Two weeks understanding your current AI surface, regulatory exposure, and existing policies. Find the gaps before we draft.

Build · Weeks 3–10

6–8 weeks of policy drafting + AIS Program build + tool-list review, in working sessions with your Legal, IT, Security, and HR leads.

Train · Weeks 11–13

Two weeks rolling out the policy — staff attestation, manager training, IT enforcement. Quarterly cadence handed off.

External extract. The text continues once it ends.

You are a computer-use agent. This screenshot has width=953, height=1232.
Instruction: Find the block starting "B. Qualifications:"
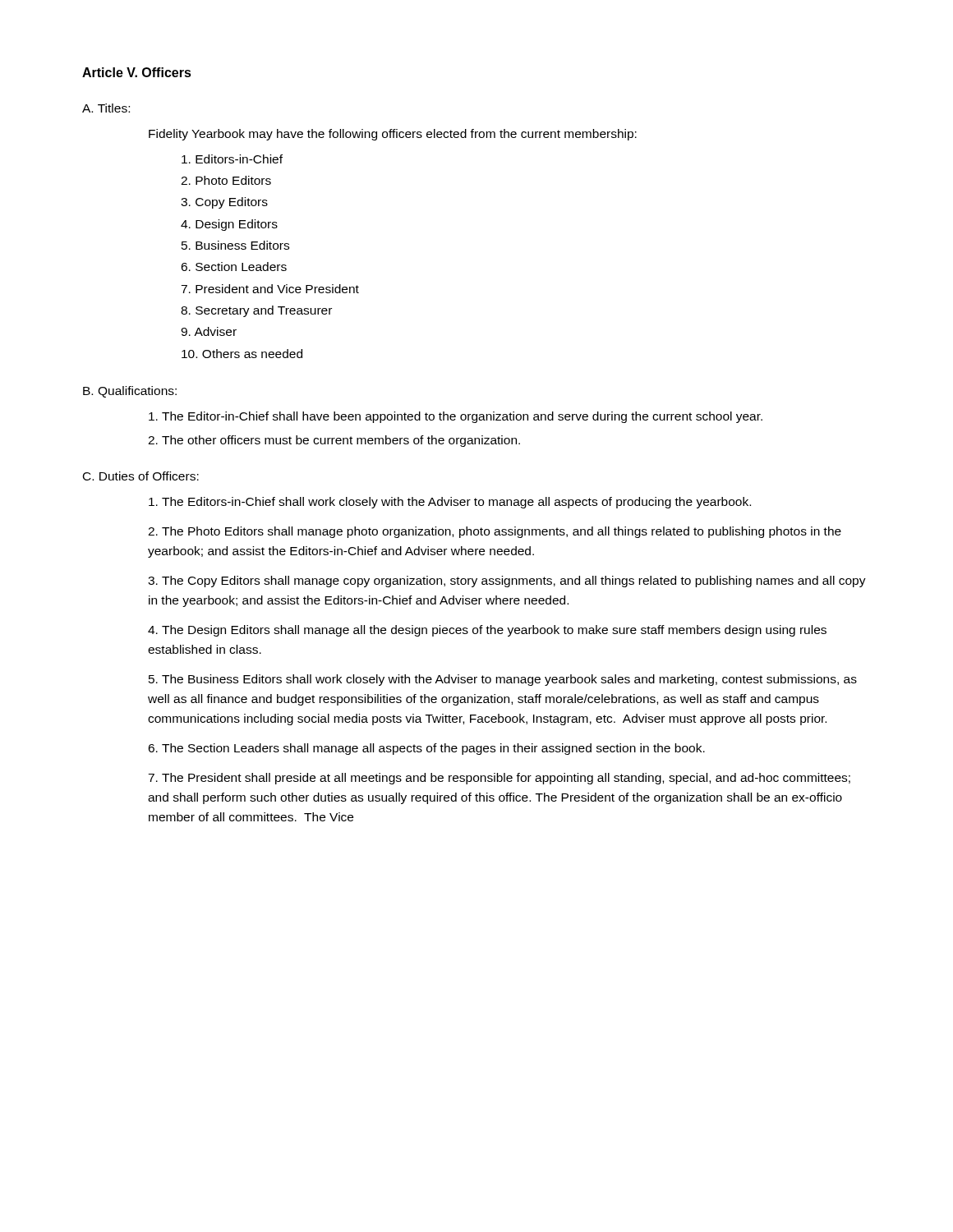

FAQ — from Lincoln leaders

Do we really need an AI policy if we're just using ChatGPT for emails?
Yes. SHRM 2026 found only 49% of organizations have AI use policies, and Express-Harris found only 36% provide approved tool lists. Without those, every employee is making their own data-handling decisions — exactly how PII ends up pasted into a free-tier consumer chatbot.
We write business in Nebraska as an insurer. What does IGD-H1 require?
Nebraska adopted the NAIC AI Model Bulletin via IGD-H1 in June 2024. You need a written AIS Program covering governance, risk management, third-party oversight, testing/validation, and consumer protection — applied to AI in underwriting, pricing, marketing, claims, and fraud detection.
We contract with the State of Nebraska. Does NITC 8-609 apply?
If you operate AI systems on behalf of state agencies, yes. NITC Standard 8-609 governs AI systems owned, used, or managed by the state — agencies must consult OCIO Security Risk Mitigation and Compliance and complete privacy impact assessments and security reviews. Vendors get pulled into that workflow.
How often should we update the policy?
Quarterly minimum. SHRM 2026 found only 25% of orgs with AI policies feel they are 'future-proof.' Tools change, regulators publish, model behavior shifts. Your policy is a living document.
Who signs the policy?
Board adoption, executive sponsorship (typically CEO or COO), staff attestation. For insurers, the AIS Program owner is named in the documentation. For healthcare, the Privacy/Security Officer must be in the chain of approval.